It’s hard to sift through all the claims made for CBD’s benefits and not be left somewhat confused. Perhaps never before in the history of modern medicine have so many applications been touted for a single substance. CBD is promoted as an effective treatment for anxiety, depression, migraines, fibromyalgia, epilepsy, and insomnia, among dozens of other conditions. CBD has also been found to improve cognitive function—that is, CBD is good for your brain.
Does CBD Make You Sleepy
The confusing part about the claims regarding CBD and sleep is this: how can something be effective for the treatment of insomnia yet also be useful for improving mental clarity and alertness? That is, does CBD make you sleepy, or not?
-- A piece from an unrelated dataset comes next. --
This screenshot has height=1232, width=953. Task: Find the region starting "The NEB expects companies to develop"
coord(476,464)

The answers to these questions are even more confusing, at first blush: yes, CBD helps you sleep, and no, CBD does not make you sleepy.
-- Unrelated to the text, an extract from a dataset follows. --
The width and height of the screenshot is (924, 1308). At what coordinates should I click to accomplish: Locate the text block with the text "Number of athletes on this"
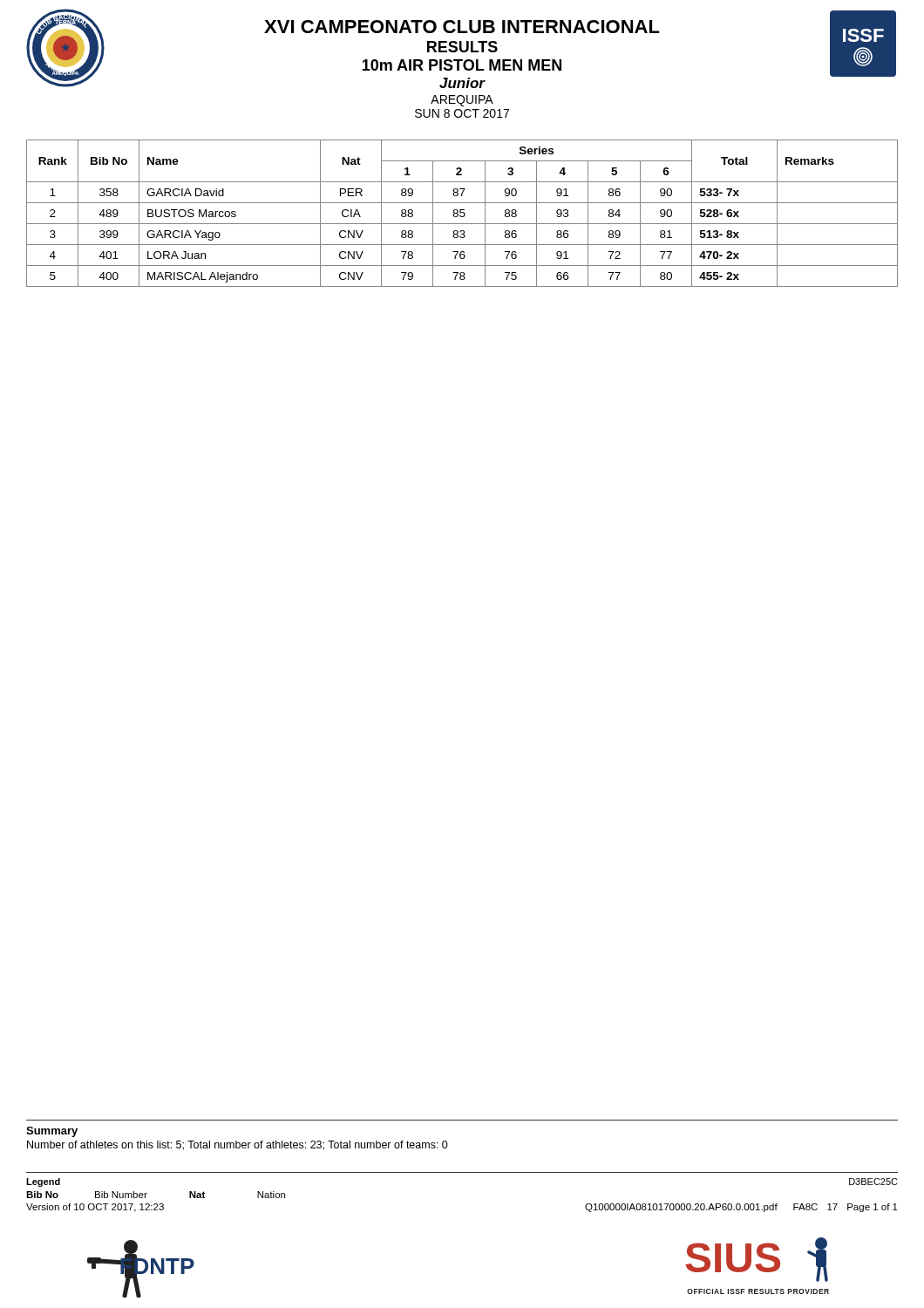237,1145

This makes no sense, right? Logic would seem to indicate that if CBD helps you fall asleep, CBD makes you sleepy. If so, this would mean that daytime use of CBD is not a good idea for those hoping to be productive, unless taking a nap is your idea of productivity.
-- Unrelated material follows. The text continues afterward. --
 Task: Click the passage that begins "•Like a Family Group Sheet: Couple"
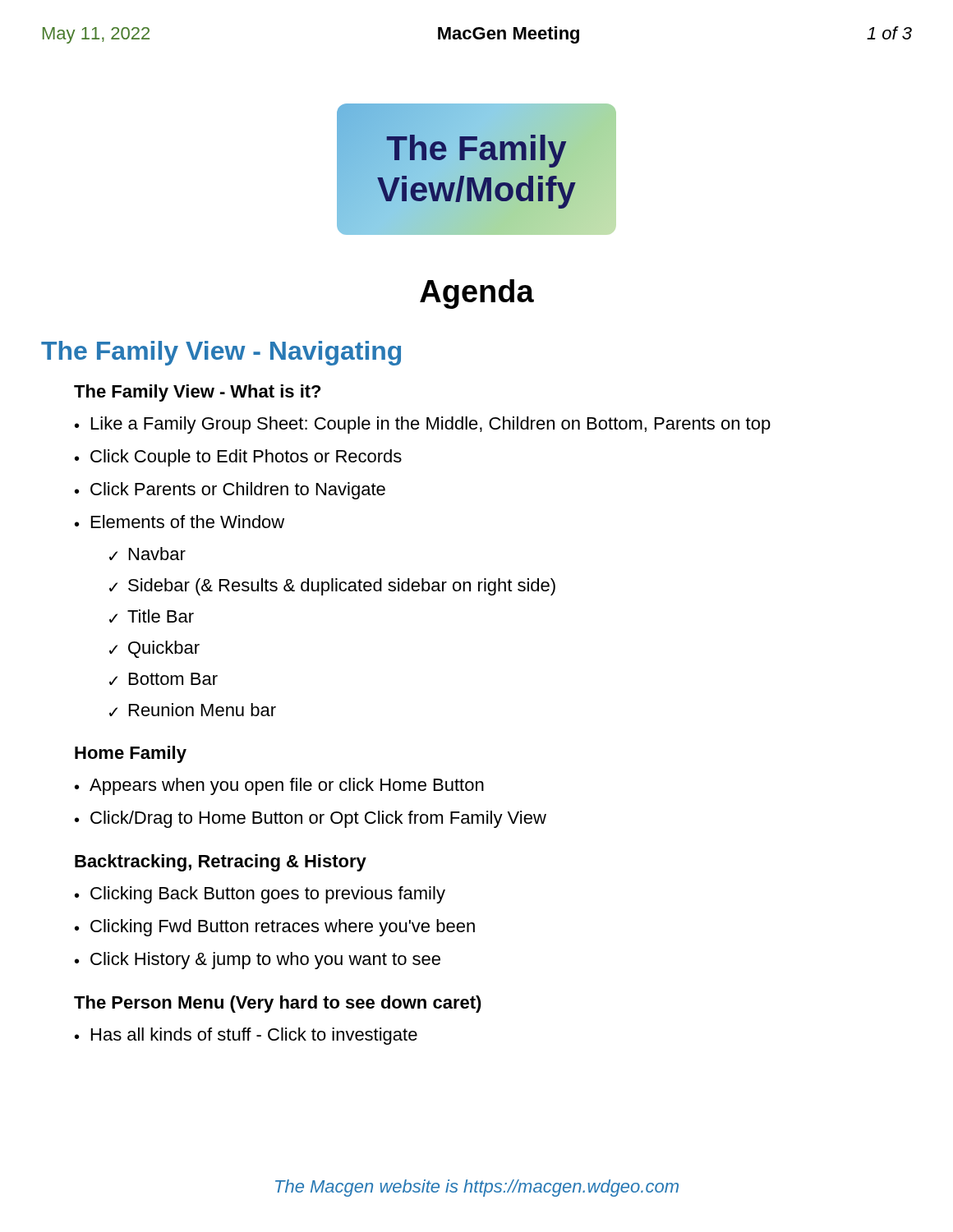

A growing body of scientific knowledge does indeed show that CBD is effective in treating insomnia and other sleep disorders. But how CBD helps promote more and better sleep is markedly different than most sleep medications—or even its cannabis counterpart, THC, which is also used to treat sleeping disorders—in that CBD is not a sedative. Instead, CBD gets at many of the root causes of insomnia, rather than just its symptoms.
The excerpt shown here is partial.